-------- AVAILABLE DATA --------

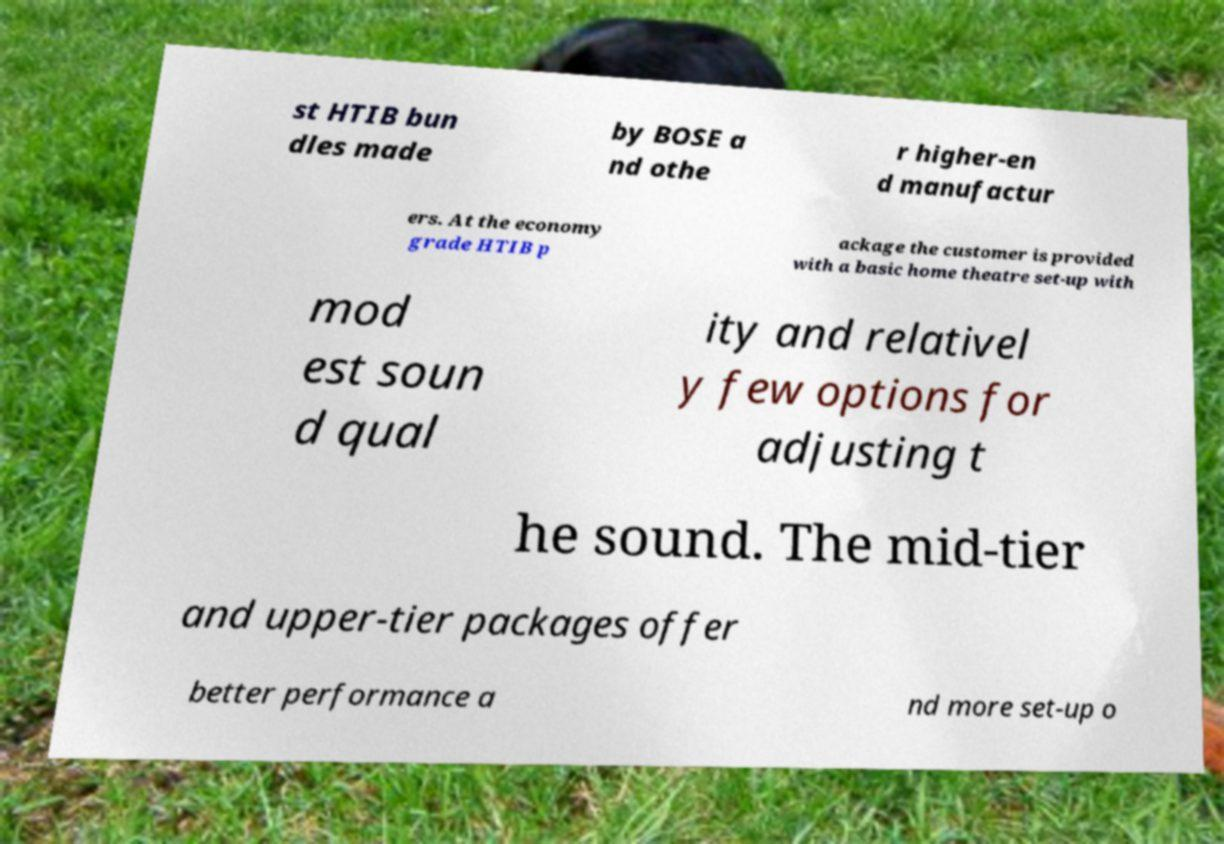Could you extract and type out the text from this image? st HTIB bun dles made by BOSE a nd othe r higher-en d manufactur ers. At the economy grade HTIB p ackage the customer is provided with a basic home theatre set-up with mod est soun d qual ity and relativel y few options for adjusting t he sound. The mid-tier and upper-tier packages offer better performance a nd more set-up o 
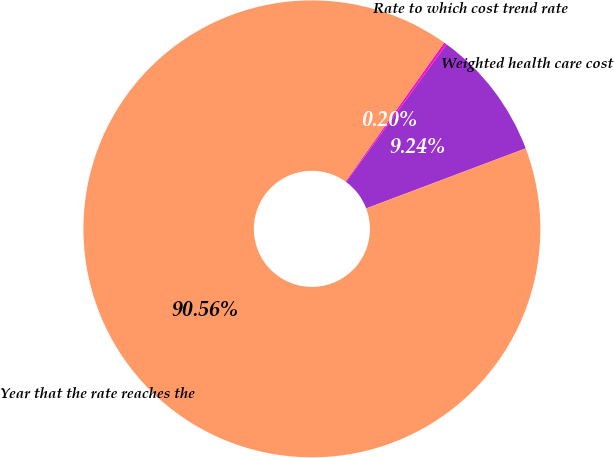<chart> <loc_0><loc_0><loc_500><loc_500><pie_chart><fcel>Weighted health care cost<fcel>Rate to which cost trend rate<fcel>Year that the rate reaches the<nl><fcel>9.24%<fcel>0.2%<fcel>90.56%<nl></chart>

--------
-------- AVAILABLE DATA --------

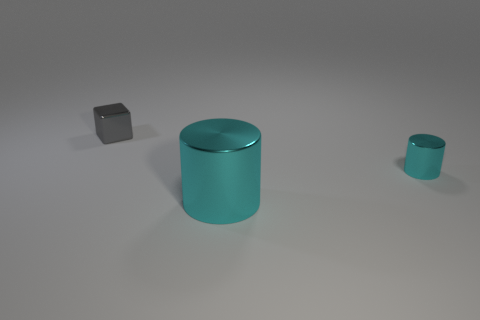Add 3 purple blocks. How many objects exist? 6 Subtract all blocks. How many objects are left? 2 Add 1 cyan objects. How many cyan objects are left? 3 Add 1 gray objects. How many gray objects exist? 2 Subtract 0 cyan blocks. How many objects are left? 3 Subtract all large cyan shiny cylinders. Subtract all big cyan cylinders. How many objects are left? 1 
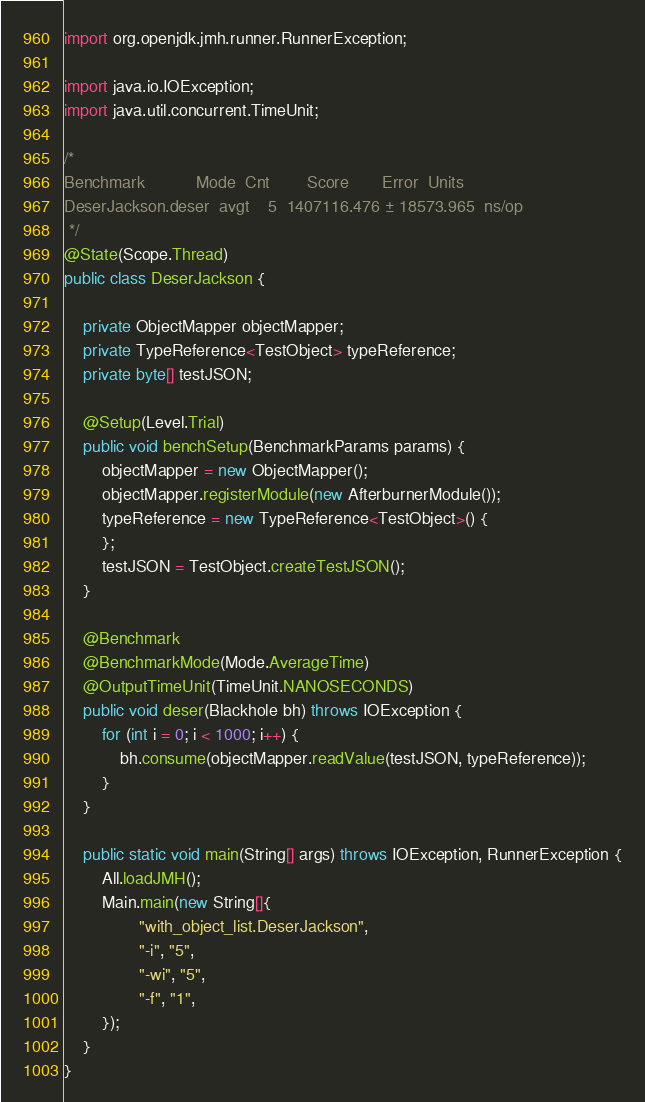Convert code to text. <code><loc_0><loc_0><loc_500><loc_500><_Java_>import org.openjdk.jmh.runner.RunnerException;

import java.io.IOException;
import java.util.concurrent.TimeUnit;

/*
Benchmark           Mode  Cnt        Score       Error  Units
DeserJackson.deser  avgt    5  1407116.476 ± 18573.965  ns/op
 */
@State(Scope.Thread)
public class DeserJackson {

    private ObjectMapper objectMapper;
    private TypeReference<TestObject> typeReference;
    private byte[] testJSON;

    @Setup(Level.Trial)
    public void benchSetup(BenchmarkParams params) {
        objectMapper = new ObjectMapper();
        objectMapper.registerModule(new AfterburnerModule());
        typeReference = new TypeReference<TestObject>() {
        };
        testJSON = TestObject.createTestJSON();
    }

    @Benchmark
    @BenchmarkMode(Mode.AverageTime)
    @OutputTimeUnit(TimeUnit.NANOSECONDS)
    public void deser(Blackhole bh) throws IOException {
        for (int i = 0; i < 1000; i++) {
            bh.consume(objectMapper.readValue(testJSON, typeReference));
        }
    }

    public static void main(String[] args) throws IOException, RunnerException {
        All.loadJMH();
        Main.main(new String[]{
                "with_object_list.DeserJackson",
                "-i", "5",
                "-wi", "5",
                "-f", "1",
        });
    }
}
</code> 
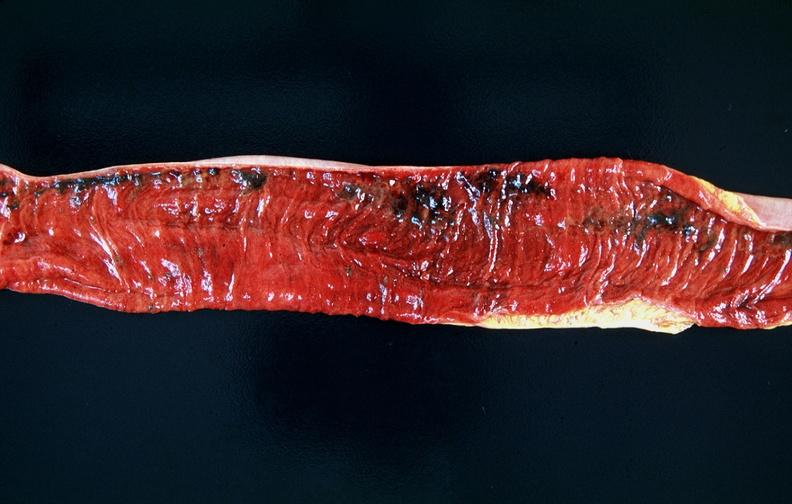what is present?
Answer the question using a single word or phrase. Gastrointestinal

--------
-------- AVAILABLE DATA --------

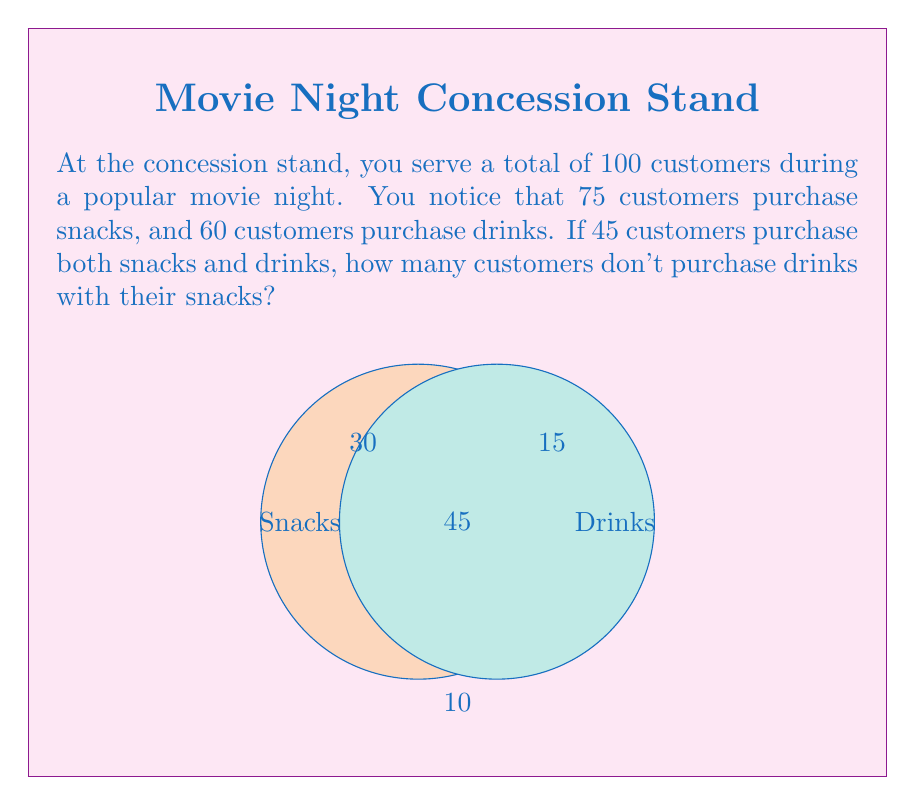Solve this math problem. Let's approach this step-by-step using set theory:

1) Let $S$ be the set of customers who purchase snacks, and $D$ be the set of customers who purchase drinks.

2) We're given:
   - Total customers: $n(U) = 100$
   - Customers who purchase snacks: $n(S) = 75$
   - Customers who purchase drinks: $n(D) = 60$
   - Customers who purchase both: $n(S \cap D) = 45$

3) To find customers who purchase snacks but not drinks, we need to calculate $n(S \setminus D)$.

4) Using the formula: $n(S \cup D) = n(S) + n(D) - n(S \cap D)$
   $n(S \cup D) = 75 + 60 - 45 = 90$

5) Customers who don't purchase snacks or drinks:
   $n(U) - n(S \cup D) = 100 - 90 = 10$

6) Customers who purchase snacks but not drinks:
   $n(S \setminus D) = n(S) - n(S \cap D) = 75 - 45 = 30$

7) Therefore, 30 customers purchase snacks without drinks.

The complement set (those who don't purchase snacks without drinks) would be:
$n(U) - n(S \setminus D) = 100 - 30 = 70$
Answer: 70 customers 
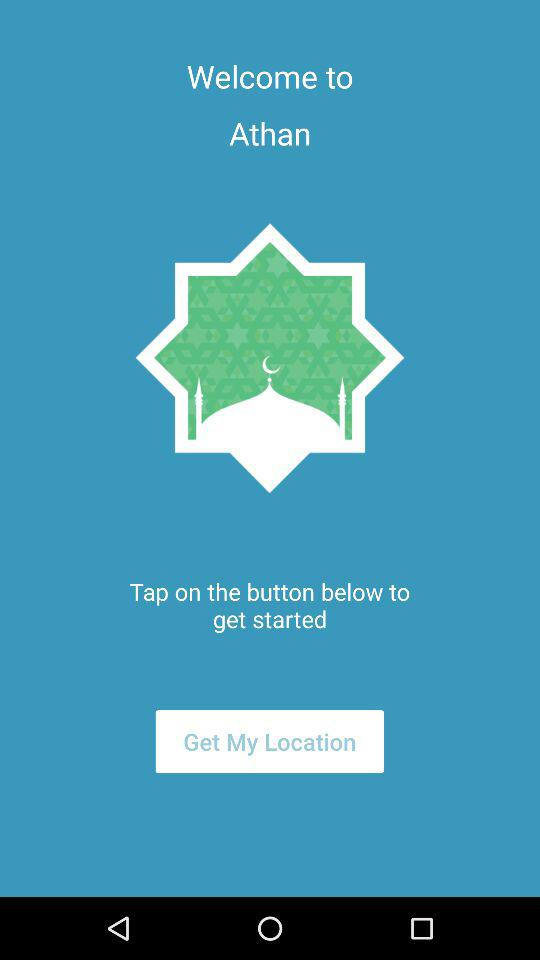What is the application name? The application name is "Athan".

--------

• _ASSIGNED TASK_: Which of the lines above include the string "snacks"? Pick them out and copy them.

• _ANSWER BOX_:
1) Let $S$ be the set of customers who purchase snacks, and $D$ be the set of customers who purchase drinks.
   - Customers who purchase snacks: $n(S) = 75$
3) To find customers who purchase snacks but not drinks, we need to calculate $n(S \setminus D)$.
5) Customers who don't purchase snacks or drinks:
6) Customers who purchase snacks but not drinks:
7) Therefore, 30 customers purchase snacks without drinks.
The complement set (those who don't purchase snacks without drinks) would be:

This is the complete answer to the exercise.